What the task asks » Keep the pictures out and restate every record exactly.

____ Exercise materials

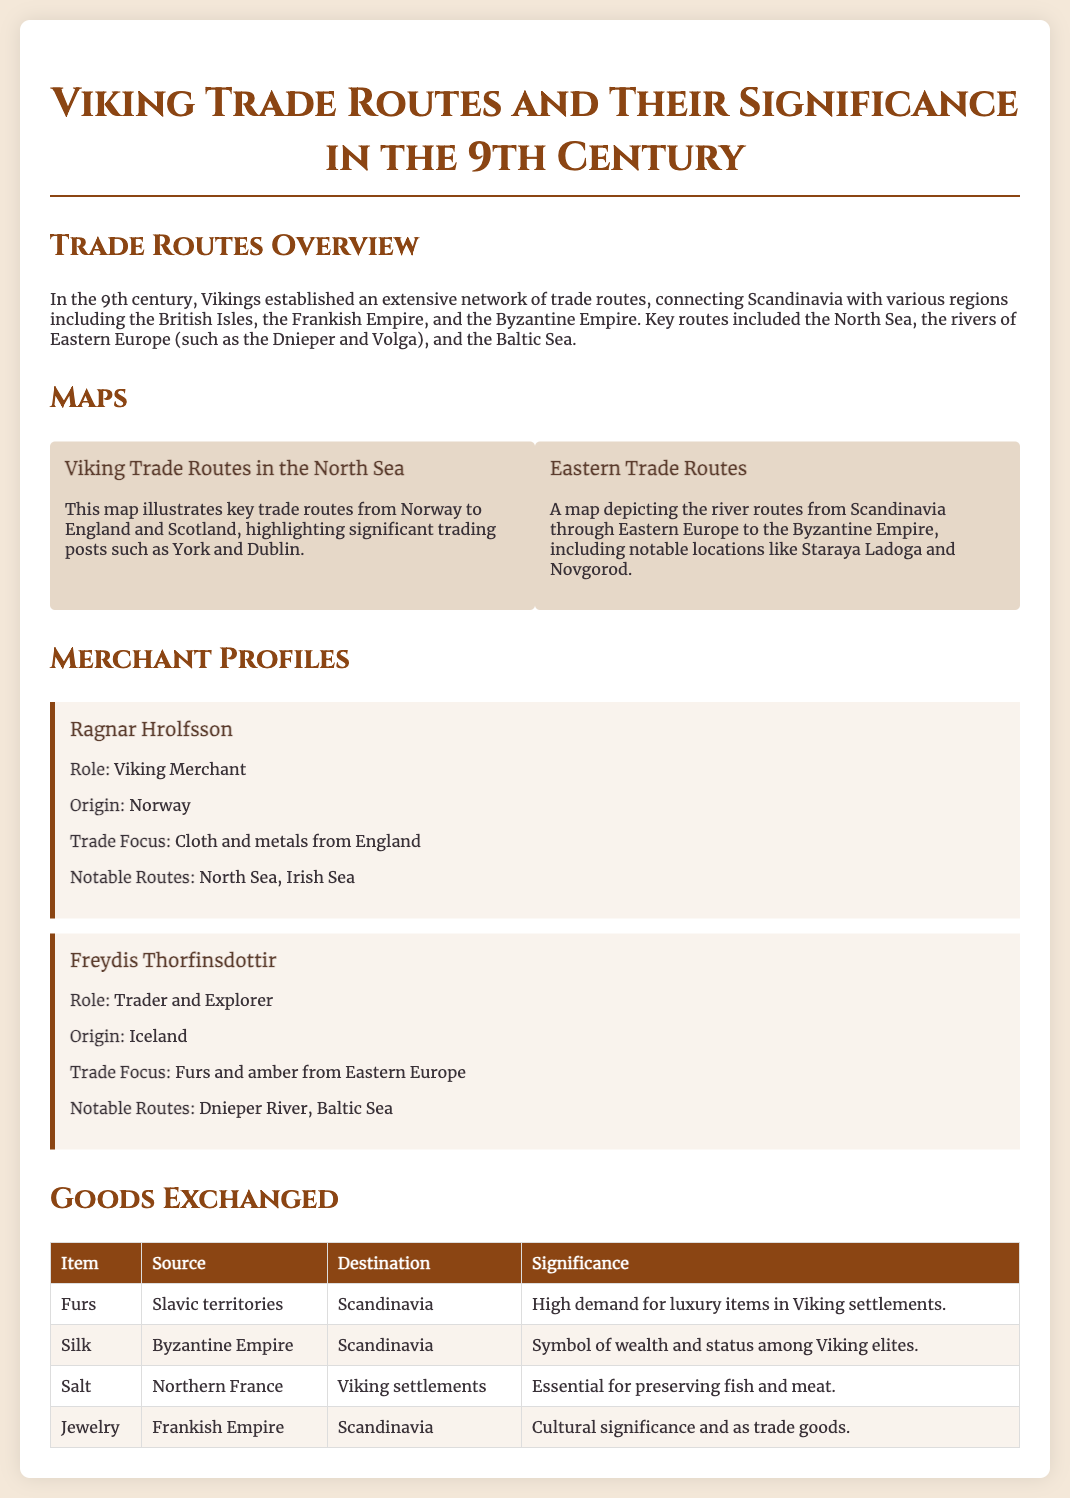What were the key regions connected by Viking trade routes in the 9th century? The document states that Vikings connected Scandinavia with the British Isles, the Frankish Empire, and the Byzantine Empire.
Answer: British Isles, Frankish Empire, Byzantine Empire Who was a notable Viking merchant from Norway? The document mentions Ragnar Hrolfsson as a Viking merchant from Norway.
Answer: Ragnar Hrolfsson What goods did Freydis Thorfinsdottir trade? According to the merchant profile, Freydis traded furs and amber from Eastern Europe.
Answer: Furs and amber What was a primary source of silk for the Vikings? The document specifies that silk originated from the Byzantine Empire.
Answer: Byzantine Empire What was the significance of jewelry in Viking trade? The goods exchanged table notes that jewelry had cultural significance and served as trade goods.
Answer: Cultural significance and trade goods What are the two notable routes mentioned in the merchant profiles? Ragnar Hrolfsson's notable routes were the North Sea and Irish Sea; Freydis Thorfinsdottir's were the Dnieper River and Baltic Sea.
Answer: North Sea, Irish Sea; Dnieper River, Baltic Sea Which item was essential for preserving fish and meat? The goods exchanged table indicates that salt was essential for preserving fish and meat.
Answer: Salt What were Viking settlements in high demand for? The document notes that there was high demand for luxury items, specifically furs.
Answer: Furs 
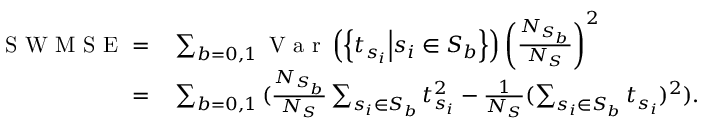Convert formula to latex. <formula><loc_0><loc_0><loc_500><loc_500>\begin{array} { r l } { S W M S E = } & \sum _ { b = 0 , 1 } { V a r \left ( \left \{ t _ { s _ { i } } | d l e | s _ { i } \in S _ { b } \right \} \right ) \left ( \frac { N _ { S _ { b } } } { N _ { S } } \right ) ^ { 2 } } } \\ { = } & \sum _ { b = 0 , 1 } { ( \frac { N _ { S _ { b } } } { N _ { S } } \sum _ { s _ { i } \in S _ { b } } t _ { s _ { i } } ^ { 2 } - \frac { 1 } { N _ { S } } ( \sum _ { s _ { i } \in S _ { b } } t _ { s _ { i } } ) ^ { 2 } ) } . } \end{array}</formula> 
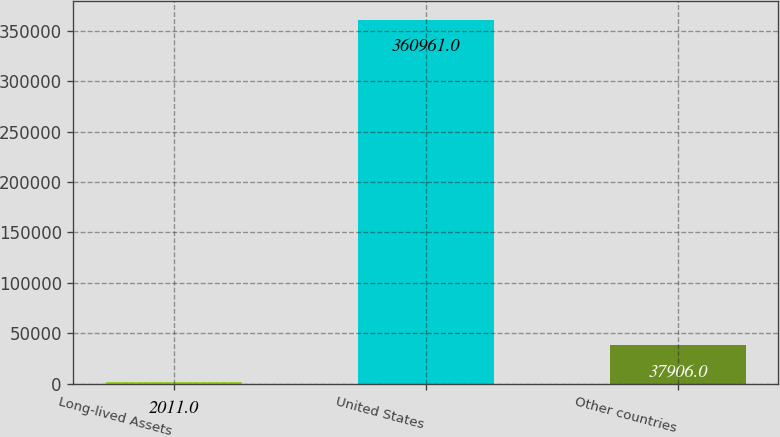Convert chart to OTSL. <chart><loc_0><loc_0><loc_500><loc_500><bar_chart><fcel>Long-lived Assets<fcel>United States<fcel>Other countries<nl><fcel>2011<fcel>360961<fcel>37906<nl></chart> 
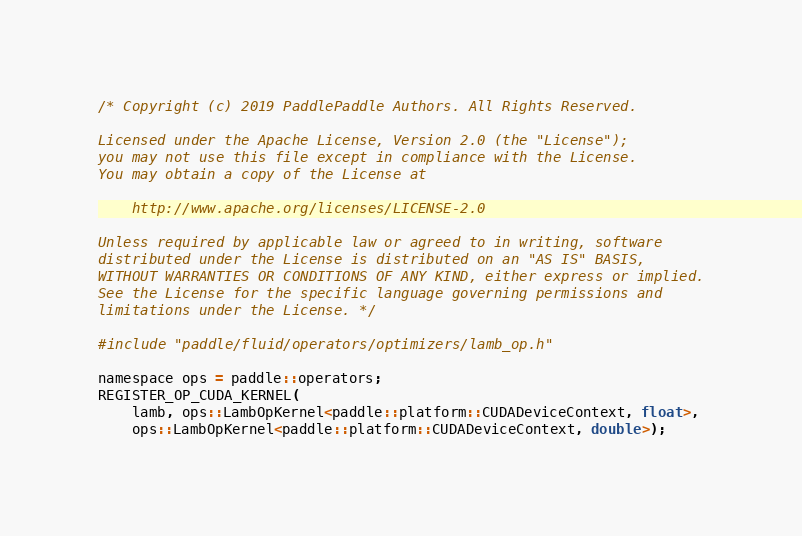<code> <loc_0><loc_0><loc_500><loc_500><_Cuda_>/* Copyright (c) 2019 PaddlePaddle Authors. All Rights Reserved.

Licensed under the Apache License, Version 2.0 (the "License");
you may not use this file except in compliance with the License.
You may obtain a copy of the License at

    http://www.apache.org/licenses/LICENSE-2.0

Unless required by applicable law or agreed to in writing, software
distributed under the License is distributed on an "AS IS" BASIS,
WITHOUT WARRANTIES OR CONDITIONS OF ANY KIND, either express or implied.
See the License for the specific language governing permissions and
limitations under the License. */

#include "paddle/fluid/operators/optimizers/lamb_op.h"

namespace ops = paddle::operators;
REGISTER_OP_CUDA_KERNEL(
    lamb, ops::LambOpKernel<paddle::platform::CUDADeviceContext, float>,
    ops::LambOpKernel<paddle::platform::CUDADeviceContext, double>);
</code> 
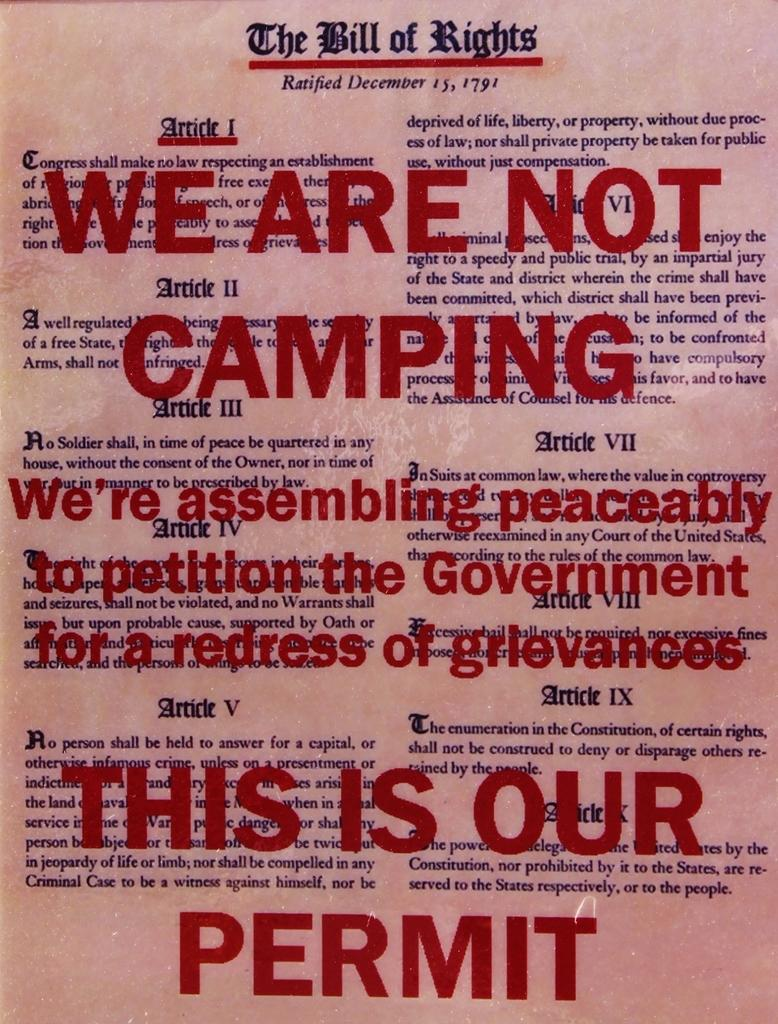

________

Completed exercise »
What were the key regions connected by Viking trade routes in the 9th century? The document states that Vikings connected Scandinavia with the British Isles, the Frankish Empire, and the Byzantine Empire.
Answer: British Isles, Frankish Empire, Byzantine Empire Who was a notable Viking merchant from Norway? The document mentions Ragnar Hrolfsson as a Viking merchant from Norway.
Answer: Ragnar Hrolfsson What goods did Freydis Thorfinsdottir trade? According to the merchant profile, Freydis traded furs and amber from Eastern Europe.
Answer: Furs and amber What was a primary source of silk for the Vikings? The document specifies that silk originated from the Byzantine Empire.
Answer: Byzantine Empire What was the significance of jewelry in Viking trade? The goods exchanged table notes that jewelry had cultural significance and served as trade goods.
Answer: Cultural significance and trade goods What are the two notable routes mentioned in the merchant profiles? Ragnar Hrolfsson's notable routes were the North Sea and Irish Sea; Freydis Thorfinsdottir's were the Dnieper River and Baltic Sea.
Answer: North Sea, Irish Sea; Dnieper River, Baltic Sea Which item was essential for preserving fish and meat? The goods exchanged table indicates that salt was essential for preserving fish and meat.
Answer: Salt What were Viking settlements in high demand for? The document notes that there was high demand for luxury items, specifically furs.
Answer: Furs 
Convert formula to latex. <formula><loc_0><loc_0><loc_500><loc_500>\begin{array} { r l } { S W M S E = } & \sum _ { b = 0 , 1 } { V a r \left ( \left \{ t _ { s _ { i } } | d l e | s _ { i } \in S _ { b } \right \} \right ) \left ( \frac { N _ { S _ { b } } } { N _ { S } } \right ) ^ { 2 } } } \\ { = } & \sum _ { b = 0 , 1 } { ( \frac { N _ { S _ { b } } } { N _ { S } } \sum _ { s _ { i } \in S _ { b } } t _ { s _ { i } } ^ { 2 } - \frac { 1 } { N _ { S } } ( \sum _ { s _ { i } \in S _ { b } } t _ { s _ { i } } ) ^ { 2 } ) } . } \end{array}</formula> 
Convert chart to OTSL. <chart><loc_0><loc_0><loc_500><loc_500><bar_chart><fcel>Long-lived Assets<fcel>United States<fcel>Other countries<nl><fcel>2011<fcel>360961<fcel>37906<nl></chart> 
<code> <loc_0><loc_0><loc_500><loc_500><_Cuda_>/* Copyright (c) 2019 PaddlePaddle Authors. All Rights Reserved.

Licensed under the Apache License, Version 2.0 (the "License");
you may not use this file except in compliance with the License.
You may obtain a copy of the License at

    http://www.apache.org/licenses/LICENSE-2.0

Unless required by applicable law or agreed to in writing, software
distributed under the License is distributed on an "AS IS" BASIS,
WITHOUT WARRANTIES OR CONDITIONS OF ANY KIND, either express or implied.
See the License for the specific language governing permissions and
limitations under the License. */

#include "paddle/fluid/operators/optimizers/lamb_op.h"

namespace ops = paddle::operators;
REGISTER_OP_CUDA_KERNEL(
    lamb, ops::LambOpKernel<paddle::platform::CUDADeviceContext, float>,
    ops::LambOpKernel<paddle::platform::CUDADeviceContext, double>);
</code> 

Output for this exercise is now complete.